── PROVIDED INFORMATION ──

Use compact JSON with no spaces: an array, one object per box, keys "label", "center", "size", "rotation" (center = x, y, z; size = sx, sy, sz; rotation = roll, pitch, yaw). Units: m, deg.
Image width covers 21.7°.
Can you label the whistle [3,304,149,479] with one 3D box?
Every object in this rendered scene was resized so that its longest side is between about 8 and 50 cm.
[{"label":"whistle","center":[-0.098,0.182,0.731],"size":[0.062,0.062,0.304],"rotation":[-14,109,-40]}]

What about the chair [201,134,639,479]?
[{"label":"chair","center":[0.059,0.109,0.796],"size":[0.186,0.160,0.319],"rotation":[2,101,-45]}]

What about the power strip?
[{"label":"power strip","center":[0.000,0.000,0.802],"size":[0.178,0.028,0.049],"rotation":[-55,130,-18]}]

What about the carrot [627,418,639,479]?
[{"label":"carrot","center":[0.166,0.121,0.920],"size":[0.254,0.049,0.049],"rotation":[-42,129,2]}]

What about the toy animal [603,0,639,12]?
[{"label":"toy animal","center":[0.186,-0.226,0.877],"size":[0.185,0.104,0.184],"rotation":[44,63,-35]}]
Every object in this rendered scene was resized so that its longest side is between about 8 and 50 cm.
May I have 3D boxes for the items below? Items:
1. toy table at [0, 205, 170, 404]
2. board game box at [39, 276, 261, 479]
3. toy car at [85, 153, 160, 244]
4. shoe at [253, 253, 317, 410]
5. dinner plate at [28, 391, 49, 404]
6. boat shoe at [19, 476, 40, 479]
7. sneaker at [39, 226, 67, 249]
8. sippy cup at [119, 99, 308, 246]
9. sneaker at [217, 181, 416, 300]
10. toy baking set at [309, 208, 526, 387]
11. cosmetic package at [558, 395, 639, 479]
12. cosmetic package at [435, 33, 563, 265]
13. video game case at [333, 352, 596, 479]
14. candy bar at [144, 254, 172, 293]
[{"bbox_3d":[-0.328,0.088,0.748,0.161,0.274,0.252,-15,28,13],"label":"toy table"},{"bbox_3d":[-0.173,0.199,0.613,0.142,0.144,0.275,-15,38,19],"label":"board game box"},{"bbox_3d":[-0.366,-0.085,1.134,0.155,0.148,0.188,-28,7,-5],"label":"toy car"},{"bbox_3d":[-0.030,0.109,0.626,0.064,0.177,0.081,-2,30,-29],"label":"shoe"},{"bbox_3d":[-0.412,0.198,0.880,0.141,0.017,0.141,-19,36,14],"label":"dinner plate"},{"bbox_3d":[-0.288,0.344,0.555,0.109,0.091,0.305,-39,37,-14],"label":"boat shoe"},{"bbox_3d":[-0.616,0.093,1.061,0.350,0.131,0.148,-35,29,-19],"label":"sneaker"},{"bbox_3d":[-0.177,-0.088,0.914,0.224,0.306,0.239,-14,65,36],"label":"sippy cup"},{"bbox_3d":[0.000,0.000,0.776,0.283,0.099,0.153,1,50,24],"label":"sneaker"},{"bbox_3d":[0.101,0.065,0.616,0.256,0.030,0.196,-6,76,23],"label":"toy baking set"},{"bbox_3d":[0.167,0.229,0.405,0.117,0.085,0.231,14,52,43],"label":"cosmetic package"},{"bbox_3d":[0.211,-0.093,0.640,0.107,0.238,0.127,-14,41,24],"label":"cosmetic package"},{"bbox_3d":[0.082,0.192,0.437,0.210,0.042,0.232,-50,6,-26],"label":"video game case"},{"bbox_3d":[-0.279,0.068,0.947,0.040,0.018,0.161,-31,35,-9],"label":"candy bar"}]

───

## WHAT YOU WILL DO:
Each line of the material should be duplicated exactly, please.

## RESPONSE TO THE TASK:
Use compact JSON with no spaces: an array, one object per box, keys "label", "center", "size", "rotation" (center = x, y, z; size = sx, sy, sz; rotation = roll, pitch, yaw). Units: m, deg.
Image width covers 21.7°.
Can you label the whistle [3,304,149,479] with one 3D box?
Every object in this rendered scene was resized so that its longest side is between about 8 and 50 cm.
[{"label":"whistle","center":[-0.098,0.182,0.731],"size":[0.062,0.062,0.304],"rotation":[-14,109,-40]}]

What about the chair [201,134,639,479]?
[{"label":"chair","center":[0.059,0.109,0.796],"size":[0.186,0.160,0.319],"rotation":[2,101,-45]}]

What about the power strip?
[{"label":"power strip","center":[0.000,0.000,0.802],"size":[0.178,0.028,0.049],"rotation":[-55,130,-18]}]

What about the carrot [627,418,639,479]?
[{"label":"carrot","center":[0.166,0.121,0.920],"size":[0.254,0.049,0.049],"rotation":[-42,129,2]}]

What about the toy animal [603,0,639,12]?
[{"label":"toy animal","center":[0.186,-0.226,0.877],"size":[0.185,0.104,0.184],"rotation":[44,63,-35]}]
Every object in this rendered scene was resized so that its longest side is between about 8 and 50 cm.
May I have 3D boxes for the items below? Items:
1. toy table at [0, 205, 170, 404]
2. board game box at [39, 276, 261, 479]
3. toy car at [85, 153, 160, 244]
4. shoe at [253, 253, 317, 410]
5. dinner plate at [28, 391, 49, 404]
6. boat shoe at [19, 476, 40, 479]
7. sneaker at [39, 226, 67, 249]
8. sippy cup at [119, 99, 308, 246]
9. sneaker at [217, 181, 416, 300]
10. toy baking set at [309, 208, 526, 387]
11. cosmetic package at [558, 395, 639, 479]
12. cosmetic package at [435, 33, 563, 265]
13. video game case at [333, 352, 596, 479]
14. candy bar at [144, 254, 172, 293]
[{"bbox_3d":[-0.328,0.088,0.748,0.161,0.274,0.252,-15,28,13],"label":"toy table"},{"bbox_3d":[-0.173,0.199,0.613,0.142,0.144,0.275,-15,38,19],"label":"board game box"},{"bbox_3d":[-0.366,-0.085,1.134,0.155,0.148,0.188,-28,7,-5],"label":"toy car"},{"bbox_3d":[-0.030,0.109,0.626,0.064,0.177,0.081,-2,30,-29],"label":"shoe"},{"bbox_3d":[-0.412,0.198,0.880,0.141,0.017,0.141,-19,36,14],"label":"dinner plate"},{"bbox_3d":[-0.288,0.344,0.555,0.109,0.091,0.305,-39,37,-14],"label":"boat shoe"},{"bbox_3d":[-0.616,0.093,1.061,0.350,0.131,0.148,-35,29,-19],"label":"sneaker"},{"bbox_3d":[-0.177,-0.088,0.914,0.224,0.306,0.239,-14,65,36],"label":"sippy cup"},{"bbox_3d":[0.000,0.000,0.776,0.283,0.099,0.153,1,50,24],"label":"sneaker"},{"bbox_3d":[0.101,0.065,0.616,0.256,0.030,0.196,-6,76,23],"label":"toy baking set"},{"bbox_3d":[0.167,0.229,0.405,0.117,0.085,0.231,14,52,43],"label":"cosmetic package"},{"bbox_3d":[0.211,-0.093,0.640,0.107,0.238,0.127,-14,41,24],"label":"cosmetic package"},{"bbox_3d":[0.082,0.192,0.437,0.210,0.042,0.232,-50,6,-26],"label":"video game case"},{"bbox_3d":[-0.279,0.068,0.947,0.040,0.018,0.161,-31,35,-9],"label":"candy bar"}]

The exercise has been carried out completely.